Does 1080p60 AVCHD work for me?

Only if your playback chain supports AVCHD 2.0, the 2011 amendment that added 1080p50/60 and a 28 Mbit/s ceiling. Most Blu-ray players from 2011 onward and all current NLEs handle it; older AVCHD-1.0 hardware (2006-2010 camcorders and decks) will not. If you're unsure, pick 1080i60 or 1080p30 at 24 Mbit/s — that's the original AVCHD spec and universally compatible.

Can I convert multiple MPEG files into a single AVCHD?
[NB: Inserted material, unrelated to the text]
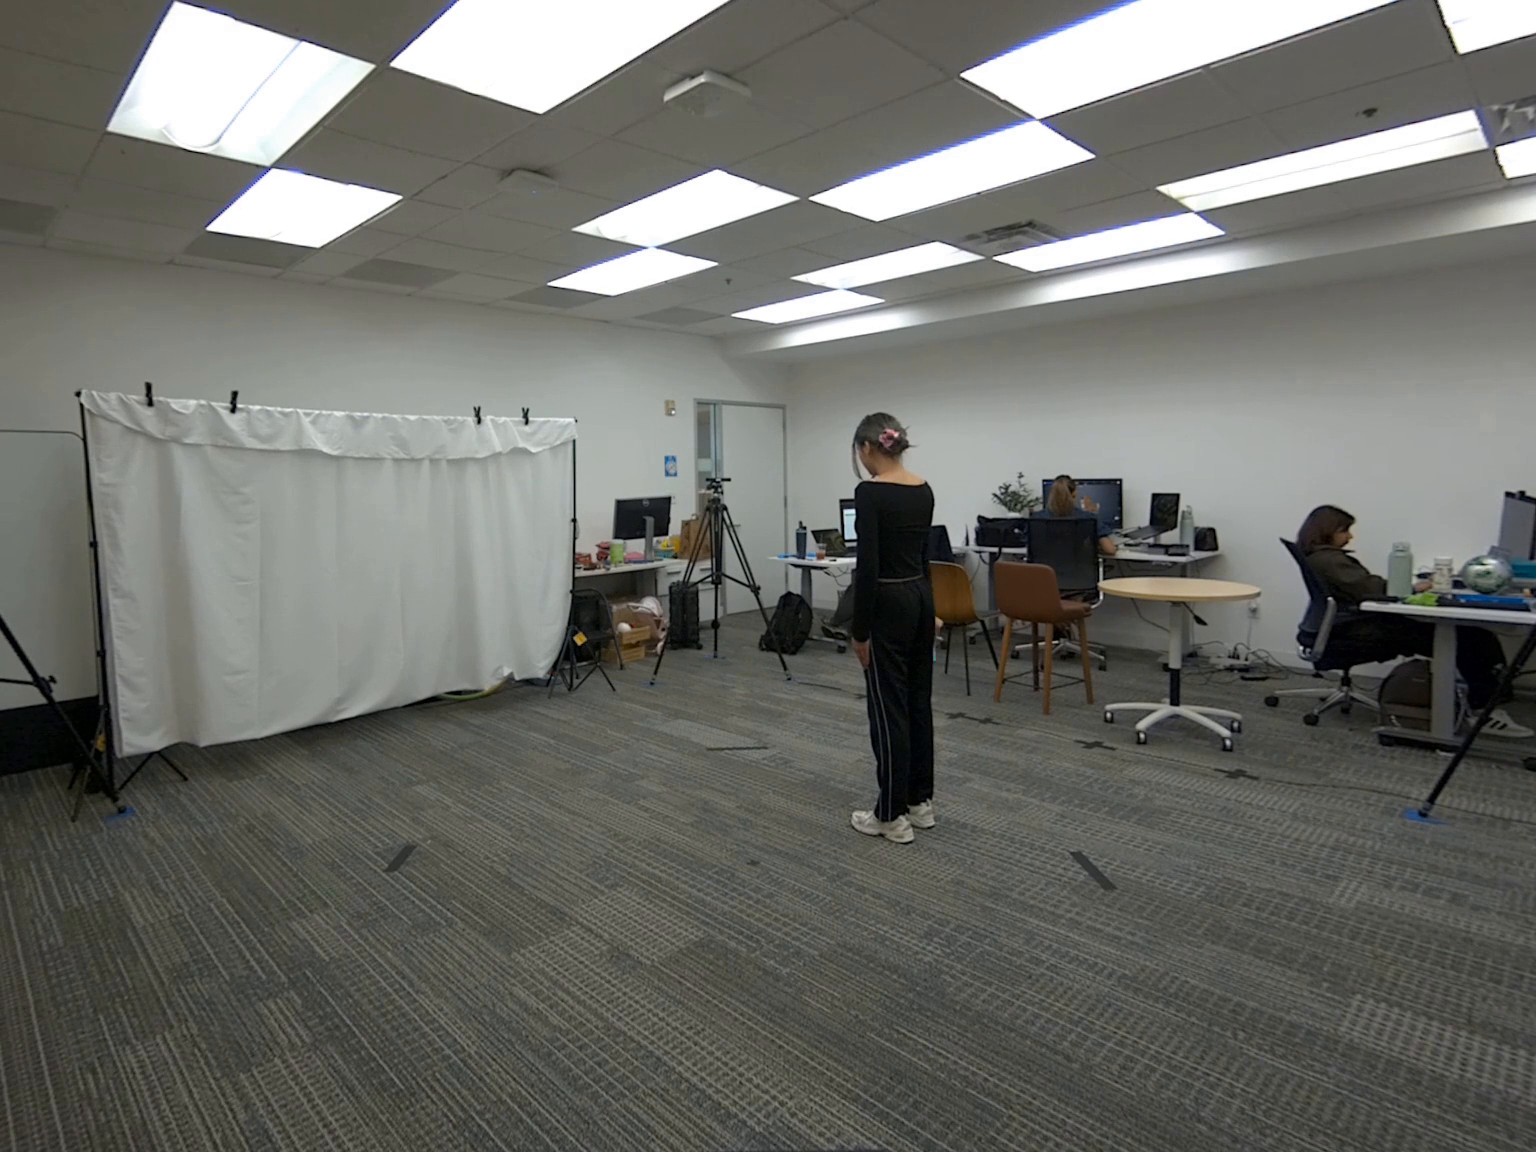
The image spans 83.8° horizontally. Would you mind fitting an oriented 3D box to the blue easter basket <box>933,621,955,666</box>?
[{"bbox_3d":[0.628,0.307,3.679,0.243,0.158,0.241,-8,-12,-4],"label":"blue easter basket"}]
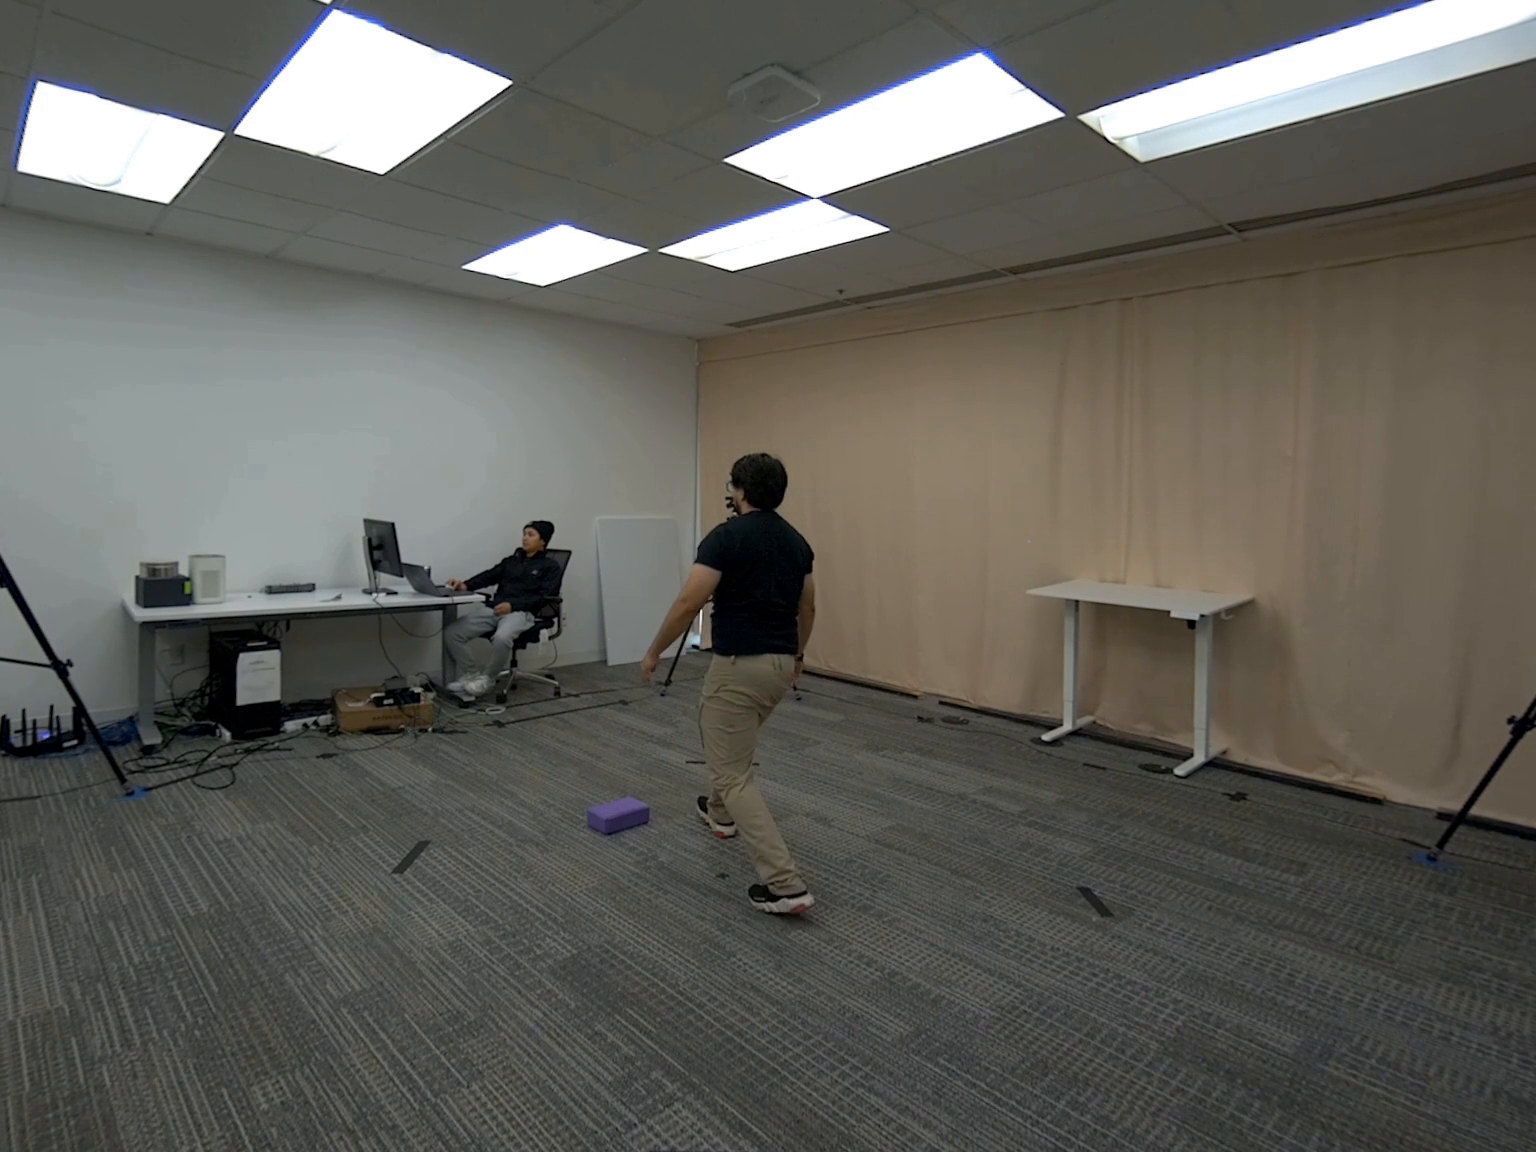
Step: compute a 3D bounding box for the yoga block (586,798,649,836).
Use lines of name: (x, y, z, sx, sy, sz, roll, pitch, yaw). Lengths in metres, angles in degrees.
yoga block: (-0.644, 1.014, 3.572, 0.153, 0.076, 0.224, 6, 7, 44)

Not from this page — it converts each file independently. To combine first, use the merge-video flow before conversion, then drop the merged MPEG here. To go the other direction (split one MPEG into multiple AVCHD clips), run the conversion once at your target settings, then Trim MTS on the output for each cut.

Is the file processed on my computer or uploaded to a server?

Uploaded. Files are transferred over an encrypted connection, processed on xconvert's servers, and both source and output are deleted automatically after a few hours. No account, no watermark, no long-term retention.